I have checked the following classifiers:
- RandomForestClassifier
- KNeighborsClassifier
- GradientBoostingClassifier
- SVC – support vector machine
- GradientBoostingClassifier
Best classifier was the random forest predictor with the 14 days predictor and sliding window of 3 days.
It predicts buying opportunity.
The results are around 33 percent for true positive and true negative. The label is 3 options label (buy/sell/hold) – which means that randomly deciding will result also in 33 percent.
Main.py – main console to run
The Import Modlue is in charge of importing the raw data like daily stocks values and daily indexes values
- Scrapper – scrap stocks data
- ScrapperIndex – scrap indexes values
This module is in charge of implementing different strategies to calculate the labels from the raw data
AbstractStrategy – abstract class – implements:
- ProcessSpecificTicker – extract label, creates confusionmatrix and prediction for the next day
- ProcessComposedTicker – collects raw data from different stocks to one data table and run ProcessSpecificTickeron it. Under the assumption that all stocks behave the same, I create more raw data.

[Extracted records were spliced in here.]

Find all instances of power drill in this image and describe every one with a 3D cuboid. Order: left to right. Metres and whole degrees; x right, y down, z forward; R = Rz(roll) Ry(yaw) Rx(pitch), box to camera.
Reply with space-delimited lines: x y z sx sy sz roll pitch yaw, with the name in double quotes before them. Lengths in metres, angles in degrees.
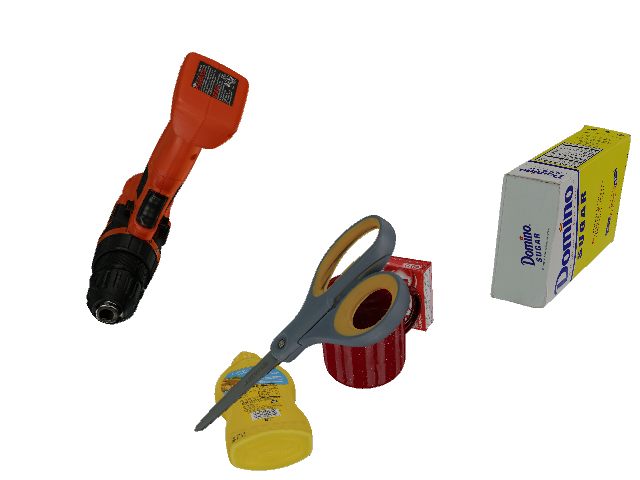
"power drill" -0.127 -0.043 0.851 0.057 0.188 0.184 26 32 -16

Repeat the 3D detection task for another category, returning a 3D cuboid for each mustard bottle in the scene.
"mustard bottle" -0.075 0.190 1.261 0.096 0.058 0.192 -9 29 -10

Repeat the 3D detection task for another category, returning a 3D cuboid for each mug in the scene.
"mug" 0.051 0.085 1.046 0.117 0.081 0.093 -27 43 -26

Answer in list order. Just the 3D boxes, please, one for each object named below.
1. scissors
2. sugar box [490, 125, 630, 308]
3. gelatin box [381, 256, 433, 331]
"scissors" -0.010 0.074 0.697 0.016 0.202 0.096 29 12 -37
"sugar box" 0.181 -0.022 0.787 0.048 0.093 0.176 13 23 25
"gelatin box" 0.102 0.065 1.340 0.073 0.089 0.030 10 31 27

AbstractPercentForPeriodStrategy – abstract class – inherits from AbstractStrategy, implements strategy for change in percentage of the value of the stock for specified period
PercentForPeriodIndexCorrRollingStrategy – concrete class – inherits from AbstractPercentForPeriodStrategy, implements a rolling window to average an already divided by the index values
PercentForPeriodIndexCorrStrategy - concrete class – inherits from AbstractPercentForPeriodStrategy, values are divided by the index values
PercentForPeriodIndexLogCorrStrategy – concrete class – inherits from AbstractPercentForPeriodStrategy, implements a log on the already divided by the index values
AbstractSpikeForPeriodStrategy – abstract class – inherits from AbstractStrategy, implements strategy for sharp change in percentage of the value of the stock for specified period, once the level is crossed – the label is set
SpikeForPeriodStrategy – concrete class – inherits from AbstractSpikeForPeriodStrategy – implements looking for a rise in the percentage for a specific period
machine learning module: FeaturesLab – a lab, searches for the covariance values between the different features DataFrameUtils – utils for handling the raw data ModelBaseRankingLab – utils for searching for the best predictor
Predict - the predictor
- PredictTicker – predicts specific stock and returns also confusion matraix
- PredictAll – runs predict on all the stocks from Nasdaq(ndx) PredictSpikes – predictors that uses the spike strategy PredictCompose – predictors that runs throw all stocks in the Nasdaq index
- adding text analysis (NLTK) to news about stocks to help predict future values can help create a more accurate predictor
- using 1 minute real time raw data